-------- Data

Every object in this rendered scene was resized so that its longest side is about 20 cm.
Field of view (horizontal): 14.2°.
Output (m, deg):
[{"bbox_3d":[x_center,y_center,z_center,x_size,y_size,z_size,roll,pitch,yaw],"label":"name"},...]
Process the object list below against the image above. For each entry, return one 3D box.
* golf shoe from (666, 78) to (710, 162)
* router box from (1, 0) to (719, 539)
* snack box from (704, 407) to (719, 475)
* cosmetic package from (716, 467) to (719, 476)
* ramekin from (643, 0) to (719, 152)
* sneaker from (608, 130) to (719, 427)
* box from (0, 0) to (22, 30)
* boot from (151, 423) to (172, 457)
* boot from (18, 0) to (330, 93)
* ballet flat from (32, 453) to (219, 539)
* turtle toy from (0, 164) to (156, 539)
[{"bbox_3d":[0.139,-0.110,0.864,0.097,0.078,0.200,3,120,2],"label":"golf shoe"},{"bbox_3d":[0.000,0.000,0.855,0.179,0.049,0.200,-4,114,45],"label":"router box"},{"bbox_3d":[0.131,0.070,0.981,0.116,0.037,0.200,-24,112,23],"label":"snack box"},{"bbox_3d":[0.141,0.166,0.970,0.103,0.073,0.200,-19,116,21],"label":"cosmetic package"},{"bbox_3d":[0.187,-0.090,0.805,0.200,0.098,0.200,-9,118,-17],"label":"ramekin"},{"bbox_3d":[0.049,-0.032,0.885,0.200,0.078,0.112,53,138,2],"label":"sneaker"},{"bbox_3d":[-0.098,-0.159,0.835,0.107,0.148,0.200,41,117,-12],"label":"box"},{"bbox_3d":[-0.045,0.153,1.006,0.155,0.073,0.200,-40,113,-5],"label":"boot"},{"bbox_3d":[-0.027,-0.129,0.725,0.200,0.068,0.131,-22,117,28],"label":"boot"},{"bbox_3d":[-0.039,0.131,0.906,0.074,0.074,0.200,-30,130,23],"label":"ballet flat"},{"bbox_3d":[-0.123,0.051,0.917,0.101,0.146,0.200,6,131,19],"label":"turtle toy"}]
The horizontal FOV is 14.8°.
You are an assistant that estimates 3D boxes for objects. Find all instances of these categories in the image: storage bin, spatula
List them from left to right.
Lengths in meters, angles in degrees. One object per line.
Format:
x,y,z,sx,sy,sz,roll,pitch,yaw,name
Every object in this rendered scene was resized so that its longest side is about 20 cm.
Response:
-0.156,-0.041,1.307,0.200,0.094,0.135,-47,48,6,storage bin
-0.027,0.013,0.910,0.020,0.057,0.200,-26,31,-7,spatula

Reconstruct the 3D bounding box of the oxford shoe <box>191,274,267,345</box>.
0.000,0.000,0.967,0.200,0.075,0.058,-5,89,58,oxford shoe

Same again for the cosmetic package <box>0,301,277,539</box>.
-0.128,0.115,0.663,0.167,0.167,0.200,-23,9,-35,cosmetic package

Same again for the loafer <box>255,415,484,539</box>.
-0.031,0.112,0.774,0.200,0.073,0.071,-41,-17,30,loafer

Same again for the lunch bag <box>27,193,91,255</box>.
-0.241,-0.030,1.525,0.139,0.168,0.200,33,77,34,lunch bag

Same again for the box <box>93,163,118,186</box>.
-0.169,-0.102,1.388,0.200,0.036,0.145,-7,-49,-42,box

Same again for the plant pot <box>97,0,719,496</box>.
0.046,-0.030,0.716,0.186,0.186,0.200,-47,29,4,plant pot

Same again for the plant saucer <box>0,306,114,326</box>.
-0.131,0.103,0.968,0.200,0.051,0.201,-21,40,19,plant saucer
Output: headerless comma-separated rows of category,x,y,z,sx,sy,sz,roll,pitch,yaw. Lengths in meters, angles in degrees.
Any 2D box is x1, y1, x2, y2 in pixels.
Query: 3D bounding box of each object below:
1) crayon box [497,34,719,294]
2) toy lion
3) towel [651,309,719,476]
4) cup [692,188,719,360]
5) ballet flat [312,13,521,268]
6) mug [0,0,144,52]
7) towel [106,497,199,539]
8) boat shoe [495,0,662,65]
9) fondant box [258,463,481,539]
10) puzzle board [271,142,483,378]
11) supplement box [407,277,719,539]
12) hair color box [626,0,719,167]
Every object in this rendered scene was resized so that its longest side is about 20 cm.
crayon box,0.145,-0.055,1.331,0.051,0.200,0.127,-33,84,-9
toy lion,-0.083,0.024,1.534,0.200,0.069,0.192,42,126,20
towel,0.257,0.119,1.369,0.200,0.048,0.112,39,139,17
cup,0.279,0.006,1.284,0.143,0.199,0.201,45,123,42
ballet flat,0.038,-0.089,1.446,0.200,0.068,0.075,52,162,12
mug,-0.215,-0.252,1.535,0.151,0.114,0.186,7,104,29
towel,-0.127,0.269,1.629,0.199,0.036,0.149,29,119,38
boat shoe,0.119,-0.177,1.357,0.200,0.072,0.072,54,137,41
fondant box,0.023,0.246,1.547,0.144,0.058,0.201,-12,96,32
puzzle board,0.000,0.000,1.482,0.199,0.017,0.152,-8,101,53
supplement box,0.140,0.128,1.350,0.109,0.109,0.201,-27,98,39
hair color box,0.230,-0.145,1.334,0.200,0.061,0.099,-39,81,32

----------------

- [Exercise objective]:
Return every line in the records that includes the string "below".

- [Output for this exercise]:
Process the object list below against the image above. For each entry, return one 3D box.
Query: 3D bounding box of each object below:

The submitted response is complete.